(TASK DIRECTIONS): Pull out each line of the data that includes the word "example".

(DATASET CONTENT):
►
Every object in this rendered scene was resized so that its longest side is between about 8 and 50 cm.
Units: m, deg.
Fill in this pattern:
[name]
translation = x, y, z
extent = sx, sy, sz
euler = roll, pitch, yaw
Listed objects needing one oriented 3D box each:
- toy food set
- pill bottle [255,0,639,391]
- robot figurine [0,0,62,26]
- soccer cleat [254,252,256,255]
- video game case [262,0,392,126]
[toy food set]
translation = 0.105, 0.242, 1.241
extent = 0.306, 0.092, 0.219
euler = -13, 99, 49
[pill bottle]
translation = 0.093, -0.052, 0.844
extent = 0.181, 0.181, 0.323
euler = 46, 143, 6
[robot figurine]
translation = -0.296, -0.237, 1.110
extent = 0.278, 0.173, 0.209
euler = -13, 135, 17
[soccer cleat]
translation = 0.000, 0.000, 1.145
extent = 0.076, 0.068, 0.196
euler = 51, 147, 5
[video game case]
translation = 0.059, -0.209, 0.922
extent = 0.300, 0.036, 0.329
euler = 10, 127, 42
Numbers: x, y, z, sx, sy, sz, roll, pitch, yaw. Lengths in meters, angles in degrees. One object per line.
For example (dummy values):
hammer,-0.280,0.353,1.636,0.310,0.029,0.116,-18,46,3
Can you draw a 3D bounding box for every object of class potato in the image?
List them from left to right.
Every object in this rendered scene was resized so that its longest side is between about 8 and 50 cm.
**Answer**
◄
►
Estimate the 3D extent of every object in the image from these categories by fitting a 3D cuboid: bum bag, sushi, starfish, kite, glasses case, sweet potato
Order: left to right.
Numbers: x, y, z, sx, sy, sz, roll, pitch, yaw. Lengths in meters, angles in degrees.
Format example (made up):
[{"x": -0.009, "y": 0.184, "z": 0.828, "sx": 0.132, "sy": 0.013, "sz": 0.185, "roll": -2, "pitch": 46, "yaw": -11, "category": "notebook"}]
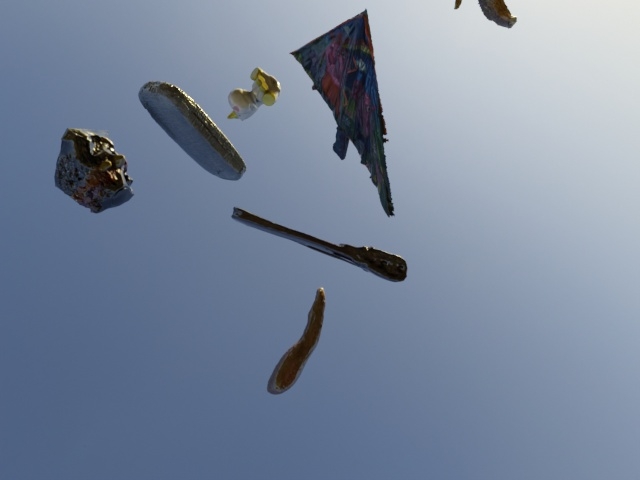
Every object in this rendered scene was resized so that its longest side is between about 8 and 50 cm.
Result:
◄
(ANSWER SECTION):
For example (dummy values):
Format example (made up):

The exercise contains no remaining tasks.